Step Three: Select the appropriate MPT instrument(s).

A. Survey of Technology Use

B. Assistive Technology Device Predisposition Assessment

C. Educational Technology Predisposition Assessment

D. Workplace Technology Predisposition Assessment

E. Health Care Technology Predisposition Assessment

General Procedures for Using the MPT Assessment Instruments

All of the instruments in the MPT process (except the Health Care Technology Predisposition Assessment) have two versions: a provider version and a user version. The two versions are meant to be used together in order to identify characteristics of the milieu/environment, person, or technology that could lead to inappropriate use, or even nonuse, of the technology.

The MPT Model/Process is user-driven and person-centered. To gain the most benefit from the MPT instruments, the procedures listed below should be followed:

1. Ask the user (client, student or employee) to complete his or her version of the appropriate form focusing on current feelings and attitudes. [Instead, the user form may serve as a guide for an oral interview, if that seems more appropriate for the situation.]

2. Complete the provider version of the instrument and identify any discrepancies between your version and the user version. Also identify factors that may hinder the user's acceptance or use of the technology. Questions requiring information that you do not currently have should be left blank with a notation to obtain that information later.

3. Discuss with the user those factors that may indicate problems with his or her acceptance or appropriate use of the technology.

4. After you have noted the problem areas, work with the user to identify specific intervention strategies and devise an action plan to address the problems and to describe proposed interventions.

5. Commit to writing the strategies and action plans, for experience has shown that plans that are merely verbalized are not implemented as frequently as written plans. Written plans also serve as documentation and can provide the justification for any subsequent actions such as requests for funding or release time for training, etc.

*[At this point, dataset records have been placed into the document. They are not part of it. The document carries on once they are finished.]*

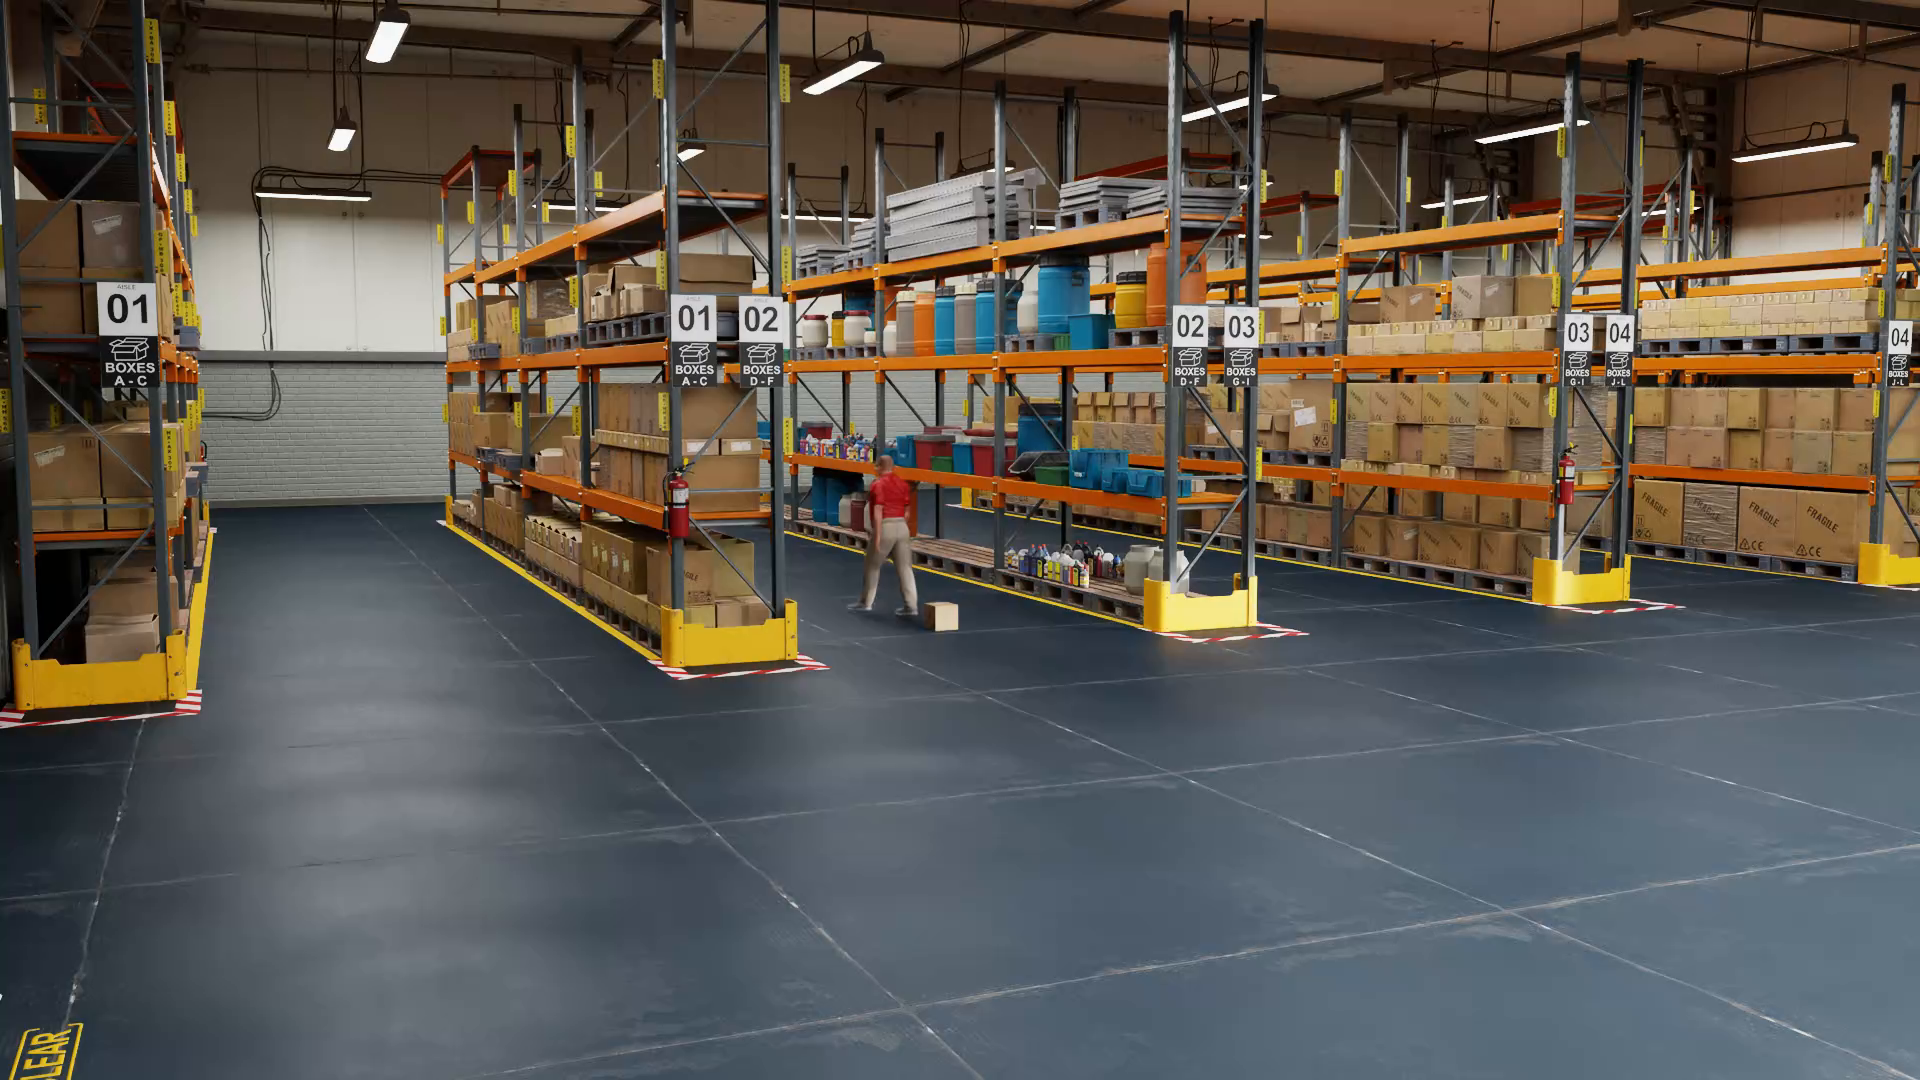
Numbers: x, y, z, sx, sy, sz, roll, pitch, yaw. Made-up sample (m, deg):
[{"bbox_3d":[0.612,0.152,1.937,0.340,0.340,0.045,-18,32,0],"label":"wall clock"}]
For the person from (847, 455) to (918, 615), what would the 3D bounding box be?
[{"bbox_3d":[-0.767,-0.064,17.462,0.570,1.664,0.979,-4,7,-36],"label":"person"}]
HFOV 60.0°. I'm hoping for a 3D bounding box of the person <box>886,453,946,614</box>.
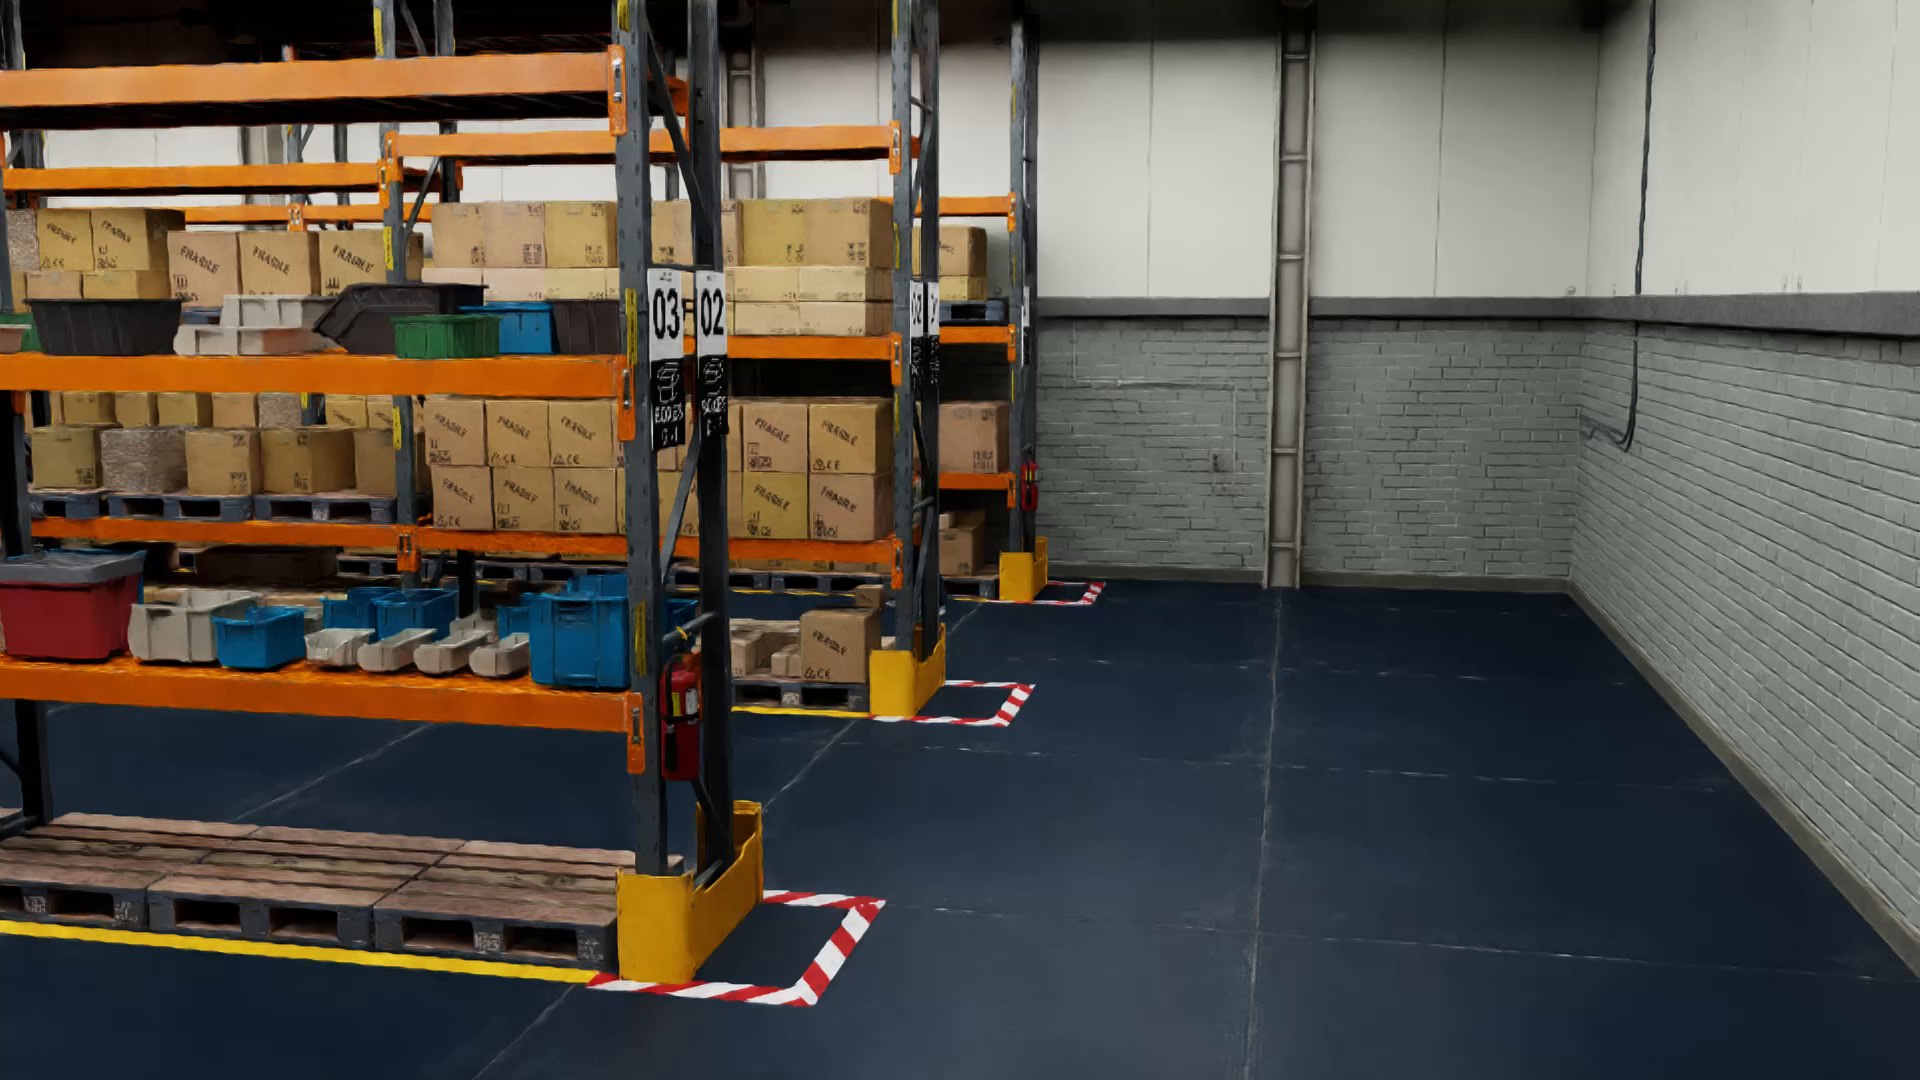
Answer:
[{"bbox_3d":[-0.445,-0.066,16.275,0.635,1.587,0.429,1,8,7],"label":"person"}]

NOTE: The MPT assessments are designed to inform, not to replace professional judgment. They are tools whose purpose is to indicate areas in need of further assessment and intervention, their overarching assumptions being that (a) each match of person and technology is unique and requires individual attention, and (b) technologies are means for achieving goals, not ends in themselves. In studies comparing known technology users to nonusers, the instruments have successfully differentiated the two groups. This only means the instruments have validity for identifying potential obstacles to the optimal use of a technology.